From a real world re-enactment point of view (we only had 9ft spears though), the strap is also held hooked with the left thumb and the spear slides from the front hand like a snooker cue.

Letting go of the strap hook made the kite shields we used very un-manoeuvrable, so wasn't much use outside of line formation. Letting go of the strap for a round shield was out of the question as you couldn't control it (when it deflected a blow like this, it usually either completely exposed you for a follow up attack or just smacked you in the face with the rim).

This means that technically the shields were hand held, just that it didn't exclude all other use of that hand. I'm not sure how you'd represent that in game terms, not the usual spearman practice of having a dagger held in the rear hand for when the enemy closed to under the spear's effective range.

Ashtagon
2011-03-27, 01:01 PM
The longer one-handed-held spears such as the Sarissa were more often set against enemy charges than effectively used as something to thrust someone with, if I understand the data correctly. Any maneuvering with the sarissa would be rather noteworthy feats of strength, especially if something squishy ends up on the pointy end. The Peltarion is not a very long spear - it is a normal one-handed weapon, if probably one that could get reach.

Well, the sarissa is, according to both wikipedia and common sense, a two-handed weapon. And the peltarion is a shield, not a spear. So it seems fair to say that you are not understanding the data correctly.


From a real world re-enactment point of view (we only had 9ft spears though), the strap is also held hooked with the left thumb and the spear slides from the front hand like a snooker cue.

That sounds a lot like the kind of grip described for the SRD buckler shield (a game item which sadly does not describe the historical buckler at all). Perhaps using the buckler shield statistics would be the way to go for this instead?

Icedaemon
2011-03-27, 01:33 PM
Damnit. I was looking for the name of the greek javelin and some sort of an idiotic brainfart-thing led me to noticing peltarion, thinking that was it by drawing some haphazard connection to 'peltast' combined with forgetting half of what I had just read.

Djinn_in_Tonic
2011-03-27, 03:00 PM
Seems like a reasonable ruling to me.

That said, the weapon itself is rather useless outside of phalanx fighting, and your stats for it should definitely reflect that. Additionally, the positioning of the shield and the way it limits arm motion would render it useless for anything but a spear of this sort.

Brother Oni
2011-03-28, 06:48 AM
That sounds a lot like the kind of grip described for the SRD buckler shield (a game item which sadly does not describe the historical buckler at all). Perhaps using the buckler shield statistics would be the way to go for this instead?

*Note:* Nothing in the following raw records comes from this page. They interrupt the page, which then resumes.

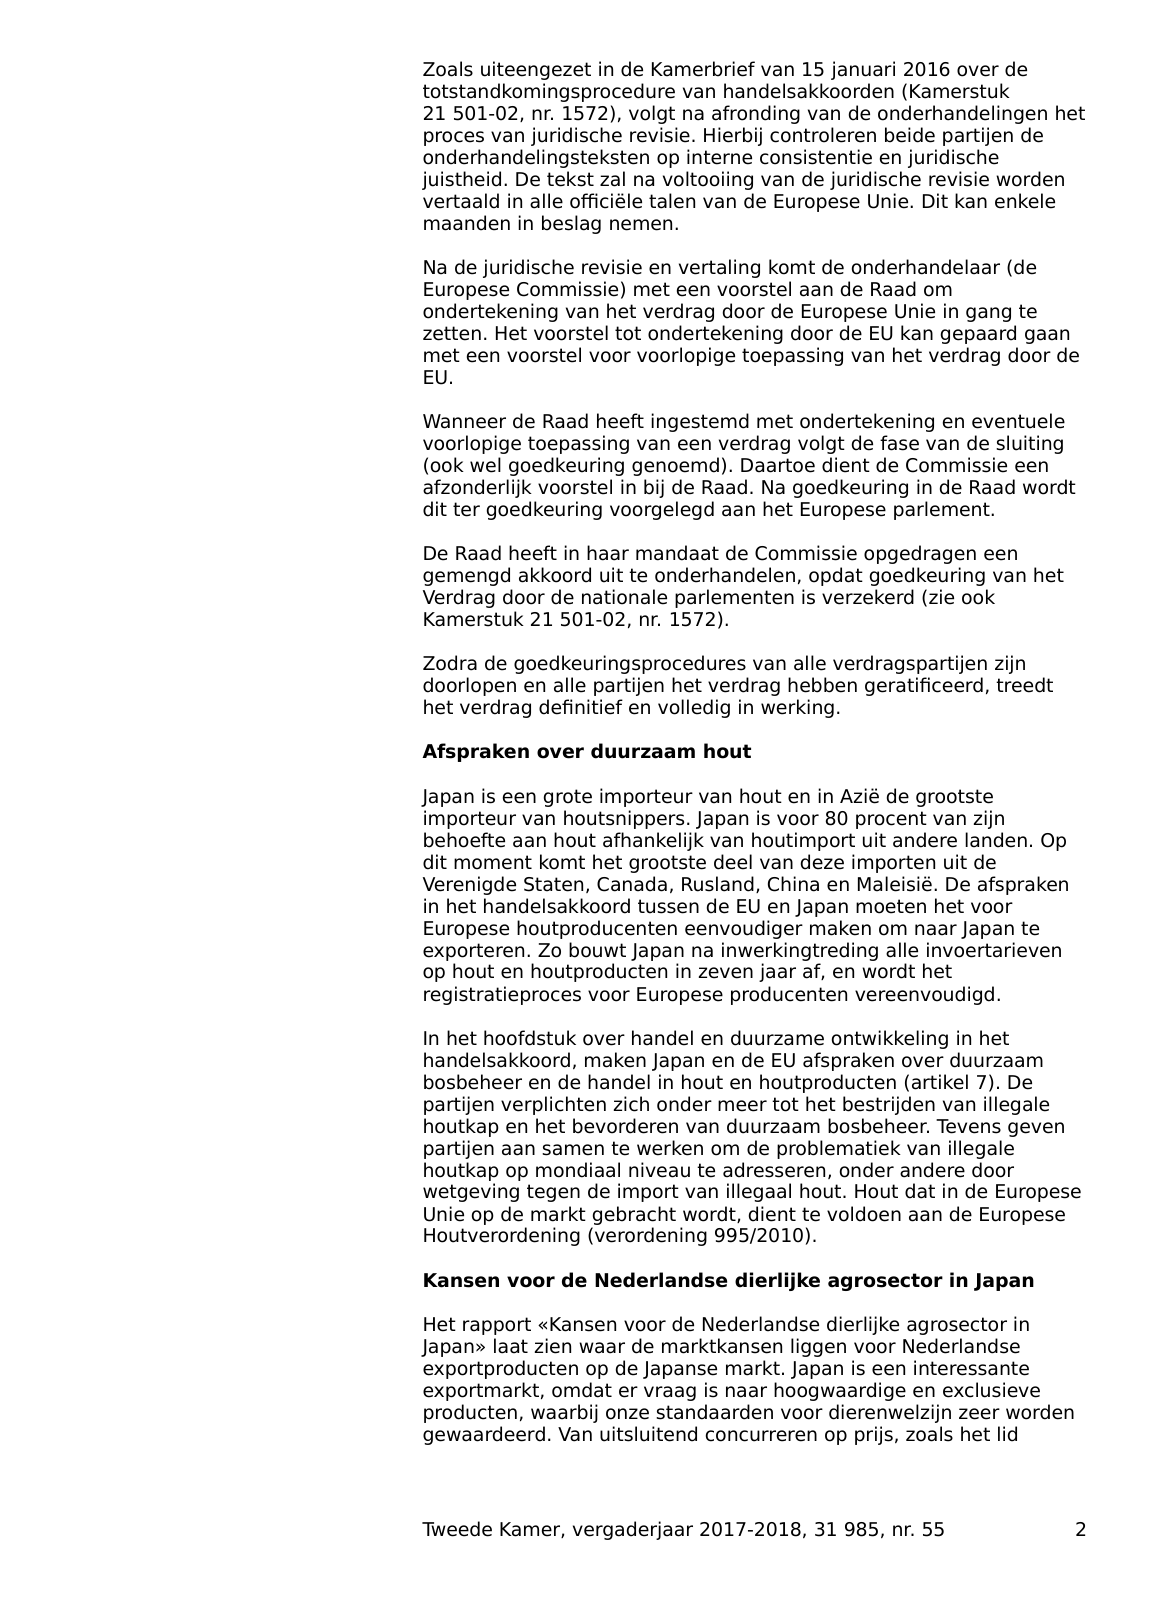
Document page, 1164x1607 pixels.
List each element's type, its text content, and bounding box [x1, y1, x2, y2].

subtitle Kansen voor de Nederlandse dierlijke agrosector in Japan [422, 1269, 1087, 1292]
text Zodra de goedkeuringsprocedures van alle verdragspartijen zijn doorlopen en alle partijen het verdrag hebben geratificeerd, treedt het verdrag definitief en volledig in werking. [422, 653, 1087, 719]
text Het rapport «Kansen voor de Nederlandse dierlijke agrosector in Japan» laat zien waar de marktkansen liggen voor Nederlandse exportproducten op de Japanse markt. Japan is een interessante exportmarkt, omdat er vraag is naar hoogwaardige en exclusieve producten, waarbij onze standaarden voor dierenwelzijn zeer worden gewaardeerd. Van uitsluitend concurreren op prijs, zoals het lid [422, 1314, 1087, 1446]
text Japan is een grote importeur van hout en in Azië de grootste importeur van houtsnippers. Japan is voor 80 procent van zijn behoefte aan hout afhankelijk van houtimport uit andere landen. Op dit moment komt het grootste deel van deze importen uit de Verenigde Staten, Canada, Rusland, China en Maleisië. De afspraken in het handelsakkoord tussen de EU en Japan moeten het voor Europese houtproducenten eenvoudiger maken om naar Japan te exporteren. Zo bouwt Japan na inwerkingtreding alle invoertarieven op hout en houtproducten in zeven jaar af, en wordt het registratieproces voor Europese producenten vereenvoudigd. [422, 786, 1087, 1005]
text Zoals uiteengezet in de Kamerbrief van 15 januari 2016 over de totstandkomingsprocedure van handelsakkoorden (Kamerstuk 21 501-02, nr. 1572), volgt na afronding van de onderhandelingen het proces van juridische revisie. Hierbij controleren beide partijen de onderhandelingsteksten op interne consistentie en juridische juistheid. De tekst zal na voltooiing van de juridische revisie worden vertaald in alle officiële talen van de Europese Unie. Dit kan enkele maanden in beslag nemen. [422, 59, 1087, 235]
text De Raad heeft in haar mandaat de Commissie opgedragen een gemengd akkoord uit te onderhandelen, opdat goedkeuring van het Verdrag door de nationale parlementen is verzekerd (zie ook Kamerstuk 21 501-02, nr. 1572). [422, 543, 1087, 631]
text In het hoofdstuk over handel en duurzame ontwikkeling in het handelsakkoord, maken Japan en de EU afspraken over duurzaam bosbeheer en de handel in hout en houtproducten (artikel 7). De partijen verplichten zich onder meer tot het bestrijden van illegale houtkap en het bevorderen van duurzaam bosbeheer. Tevens geven partijen aan samen te werken om de problematiek van illegale houtkap op mondiaal niveau te adresseren, onder andere door wetgeving tegen de import van illegaal hout. Hout dat in de Europese Unie op de markt gebracht wordt, dient te voldoen aan de Europese Houtverordening (verordening 995/2010). [422, 1028, 1087, 1247]
text Na de juridische revisie en vertaling komt de onderhandelaar (de Europese Commissie) met een voorstel aan de Raad om ondertekening van het verdrag door de Europese Unie in gang te zetten. Het voorstel tot ondertekening door de EU kan gepaard gaan met een voorstel voor voorlopige toepassing van het verdrag door de EU. [422, 257, 1087, 389]
text Wanneer de Raad heeft ingestemd met ondertekening en eventuele voorlopige toepassing van een verdrag volgt de fase van de sluiting (ook wel goedkeuring genoemd). Daartoe dient de Commissie een afzonderlijk voorstel in bij de Raad. Na goedkeuring in de Raad wordt dit ter goedkeuring voorgelegd aan het Europese parlement. [422, 411, 1087, 521]
subtitle Afspraken over duurzaam hout [422, 741, 1087, 763]

Possibly - I'd have to look up what the SRD definition is when I get home to confirm (a kite shield was a lot bigger than a buckler), but it seems reasonable enough to me.

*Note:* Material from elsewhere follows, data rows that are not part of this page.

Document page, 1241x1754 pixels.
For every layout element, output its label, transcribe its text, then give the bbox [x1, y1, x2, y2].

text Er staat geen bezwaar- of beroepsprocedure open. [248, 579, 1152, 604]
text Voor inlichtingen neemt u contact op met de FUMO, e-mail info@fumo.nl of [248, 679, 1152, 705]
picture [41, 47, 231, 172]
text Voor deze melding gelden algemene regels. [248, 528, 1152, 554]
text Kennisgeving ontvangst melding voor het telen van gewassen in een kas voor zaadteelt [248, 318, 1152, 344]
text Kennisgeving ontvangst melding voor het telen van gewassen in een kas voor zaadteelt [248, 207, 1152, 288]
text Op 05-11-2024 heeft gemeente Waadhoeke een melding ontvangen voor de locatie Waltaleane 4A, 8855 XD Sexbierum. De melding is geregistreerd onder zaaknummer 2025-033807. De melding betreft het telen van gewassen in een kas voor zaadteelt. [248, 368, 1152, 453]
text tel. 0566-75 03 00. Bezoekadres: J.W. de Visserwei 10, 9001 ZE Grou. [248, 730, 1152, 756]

Edit: After looking up the SRD rules, I agree with treating it as a buckler would be the simplest fix.
A more complex suggestion would be to allow it the stats of a heavy shield, but allow polearm class weapons to be used with it, with the -1 to attack.

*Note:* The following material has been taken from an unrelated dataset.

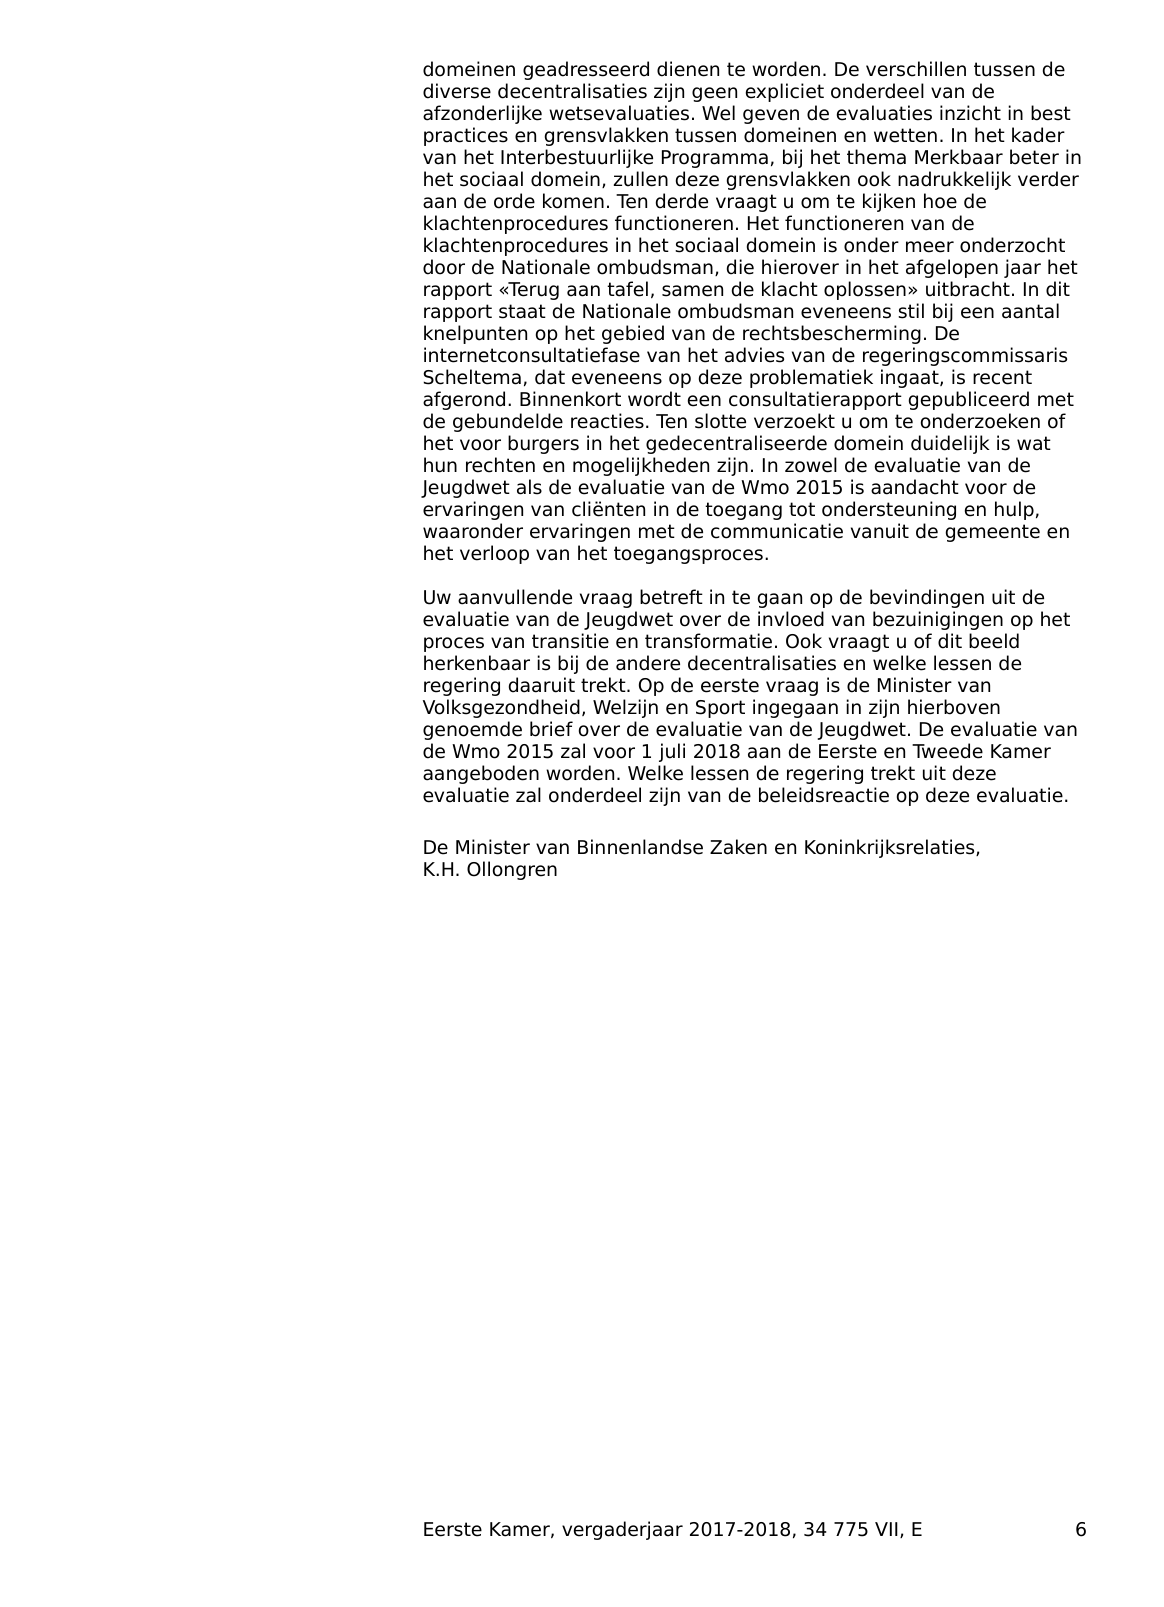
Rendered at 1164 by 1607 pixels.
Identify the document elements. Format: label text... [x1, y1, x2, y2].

text domeinen geadresseerd dienen te worden. De verschillen tussen de diverse decentralisaties zijn geen expliciet onderdeel van de afzonderlijke wetsevaluaties. Wel geven de evaluaties inzicht in best practices en grensvlakken tussen domeinen en wetten. In het kader van het Interbestuurlijke Programma, bij het thema Merkbaar beter in het sociaal domein, zullen deze grensvlakken ook nadrukkelijk verder aan de orde komen. Ten derde vraagt u om te kijken hoe de klachtenprocedures functioneren. Het functioneren van de klachtenprocedures in het sociaal domein is onder meer onderzocht door de Nationale ombudsman, die hierover in het afgelopen jaar het rapport «Terug aan tafel, samen de klacht oplossen» uitbracht. In dit rapport staat de Nationale ombudsman eveneens stil bij een aantal knelpunten op het gebied van de rechtsbescherming. De internetconsultatiefase van het advies van de regeringscommissaris Scheltema, dat eveneens op deze problematiek ingaat, is recent afgerond. Binnenkort wordt een consultatierapport gepubliceerd met de gebundelde reacties. Ten slotte verzoekt u om te onderzoeken of het voor burgers in het gedecentraliseerde domein duidelijk is wat hun rechten en mogelijkheden zijn. In zowel de evaluatie van de Jeugdwet als de evaluatie van de Wmo 2015 is aandacht voor de ervaringen van cliënten in de toegang tot ondersteuning en hulp, waaronder ervaringen met de communicatie vanuit de gemeente en het verloop van het toegangsproces. [422, 59, 1087, 564]
text Uw aanvullende vraag betreft in te gaan op de bevindingen uit de evaluatie van de Jeugdwet over de invloed van bezuinigingen op het proces van transitie en transformatie. Ook vraagt u of dit beeld herkenbaar is bij de andere decentralisaties en welke lessen de regering daaruit trekt. Op de eerste vraag is de Minister van Volksgezondheid, Welzijn en Sport ingegaan in zijn hierboven genoemde brief over de evaluatie van de Jeugdwet. De evaluatie van de Wmo 2015 zal voor 1 juli 2018 aan de Eerste en Tweede Kamer aangeboden worden. Welke lessen de regering trekt uit deze evaluatie zal onderdeel zijn van de beleidsreactie op deze evaluatie. [422, 587, 1087, 807]
text De Minister van Binnenlandse Zaken en Koninkrijksrelaties, K.H. Ollongren [422, 837, 1087, 881]

Incidentally, either fix would allow pavise crossbowmen (http://en.wikipedia.org/wiki/Pavise) to be simulated as well.


Additionally, the positioning of the shield and the way it limits arm motion would render it useless for anything but a spear of this sort.

Agreed. A 6ft spear wasn't of much use when combined with a shield in this way, thus in this case, the longer the better. :smallwink:

However never underestimate the ability of a big shield to intimidate and bully the opponent - the shield was as much a component of the fighting style as the spear was.

Fighting without a shield with a spear makes you fight as a skirmisher and has more elaborate/agile moves such as you would see with Eastern spear styles. Spear and shield in this case was very much back and forth fighting.

A one-handed spear and shield has a very different fighting style (it was classed as a different weapon catagory under our re-enactment rules and thus you had to take a separate test to see if you were safe with it), more similar to normal one handed weapon fighting.